How to complete this task ▸ Locate the word "degrees" in the entries below, then gather every line that holds it.

Data supplied ▸
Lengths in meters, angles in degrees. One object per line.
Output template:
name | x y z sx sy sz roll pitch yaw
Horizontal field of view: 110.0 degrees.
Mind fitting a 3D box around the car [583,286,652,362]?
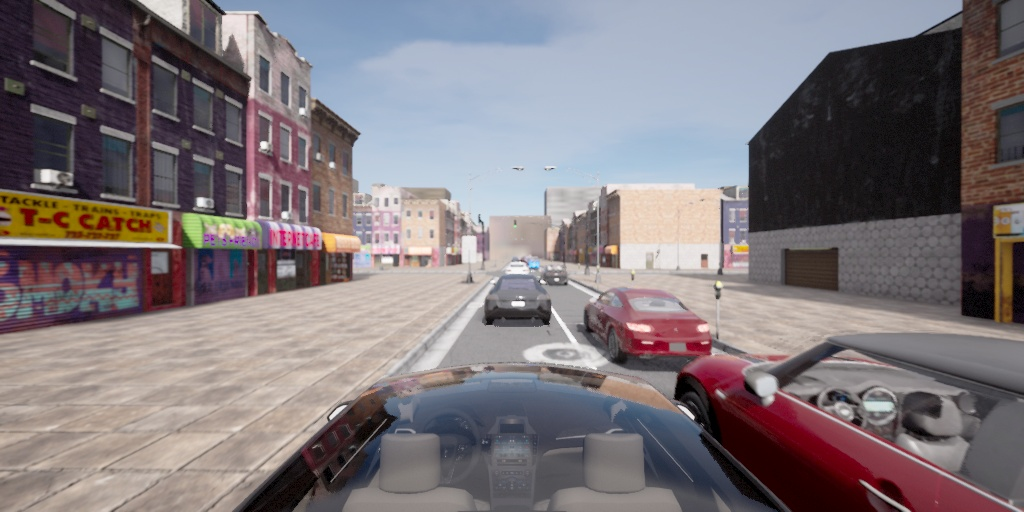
car | 2.692 1.313 7.860 1.802 1.307 4.207 0 0 1

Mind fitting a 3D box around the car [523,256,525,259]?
car | 3.160 1.096 57.372 1.967 1.591 4.097 0 0 1

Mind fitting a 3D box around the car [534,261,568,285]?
car | 2.853 1.244 24.896 2.007 1.370 4.403 0 0 1

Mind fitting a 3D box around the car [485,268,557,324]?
car | 0.188 1.284 11.914 1.994 1.385 4.181 0 0 1

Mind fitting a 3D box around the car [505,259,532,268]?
car | 0.446 1.214 28.199 1.812 1.442 4.674 0 0 2

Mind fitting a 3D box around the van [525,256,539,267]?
van | 3.109 1.002 51.897 1.690 1.789 3.998 0 0 1

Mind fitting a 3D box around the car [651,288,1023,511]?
car | 2.638 1.189 2.181 1.967 1.591 4.097 0 0 1
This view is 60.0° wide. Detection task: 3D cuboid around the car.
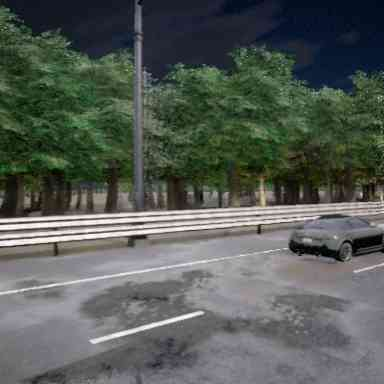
[{"bbox_3d":[5.343,1.505,11.780,4.181,1.385,1.994,0,0,-35],"label":"car"}]
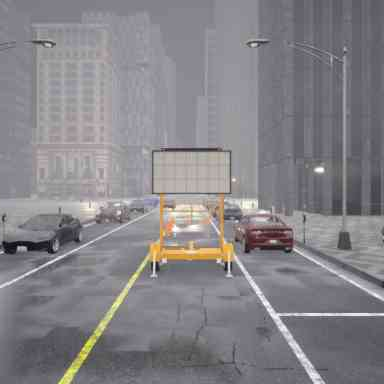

Answer to the exercise ▸
Lengths in meters, angles in degrees. One object per line.
Horizontal field of view: 110.0 degrees.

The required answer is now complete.